▶ _EXERCISE BRIEF_
Look through the lines below and extract any with the word "roll".

▶ _MATERIAL PROVIDED_
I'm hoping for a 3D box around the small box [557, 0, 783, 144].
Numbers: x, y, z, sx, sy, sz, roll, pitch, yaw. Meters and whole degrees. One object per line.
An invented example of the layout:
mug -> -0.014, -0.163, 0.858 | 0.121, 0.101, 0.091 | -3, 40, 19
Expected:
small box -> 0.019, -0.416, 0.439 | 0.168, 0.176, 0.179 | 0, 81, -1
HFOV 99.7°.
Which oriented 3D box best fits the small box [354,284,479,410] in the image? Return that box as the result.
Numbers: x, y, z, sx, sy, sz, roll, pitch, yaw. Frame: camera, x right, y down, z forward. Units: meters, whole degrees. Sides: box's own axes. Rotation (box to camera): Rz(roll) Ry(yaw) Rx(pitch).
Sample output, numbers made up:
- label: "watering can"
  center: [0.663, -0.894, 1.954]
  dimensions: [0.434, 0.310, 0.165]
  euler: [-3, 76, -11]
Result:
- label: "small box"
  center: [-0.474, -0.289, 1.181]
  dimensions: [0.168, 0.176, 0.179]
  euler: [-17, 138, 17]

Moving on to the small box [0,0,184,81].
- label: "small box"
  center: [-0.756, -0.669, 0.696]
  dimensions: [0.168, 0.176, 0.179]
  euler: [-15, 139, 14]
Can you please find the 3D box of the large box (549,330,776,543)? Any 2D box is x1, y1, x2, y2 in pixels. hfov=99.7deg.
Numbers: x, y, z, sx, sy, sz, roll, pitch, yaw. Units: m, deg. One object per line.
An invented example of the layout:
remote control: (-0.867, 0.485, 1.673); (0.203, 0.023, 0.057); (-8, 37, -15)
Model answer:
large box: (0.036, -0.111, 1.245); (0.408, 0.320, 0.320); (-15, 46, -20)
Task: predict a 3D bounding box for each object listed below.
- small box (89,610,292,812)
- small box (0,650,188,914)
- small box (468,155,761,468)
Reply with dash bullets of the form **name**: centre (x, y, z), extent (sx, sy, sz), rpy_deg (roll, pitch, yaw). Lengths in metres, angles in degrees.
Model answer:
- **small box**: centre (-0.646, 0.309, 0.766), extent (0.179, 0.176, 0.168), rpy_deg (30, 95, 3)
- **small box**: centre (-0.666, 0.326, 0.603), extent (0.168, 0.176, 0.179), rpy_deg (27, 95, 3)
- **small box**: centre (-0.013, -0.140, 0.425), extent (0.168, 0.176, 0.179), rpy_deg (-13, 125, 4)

▶ _SOLUTION TO THIS TASK_
Numbers: x, y, z, sx, sy, sz, roll, pitch, yaw. Meters and whole degrees. One object per line.
Numbers: x, y, z, sx, sy, sz, roll, pitch, yaw. Frame: camera, x right, y down, z forward. Units: meters, whole degrees. Sides: box's own axes. Rotation (box to camera): Rz(roll) Ry(yaw) Rx(pitch).
Numbers: x, y, z, sx, sy, sz, roll, pitch, yaw. Units: m, deg. One object per line.
Reply with dash bullets of the form **name**: centre (x, y, z), extent (sx, sy, sz), rpy_deg (roll, pitch, yaw). Lengths in metres, angles in degrees.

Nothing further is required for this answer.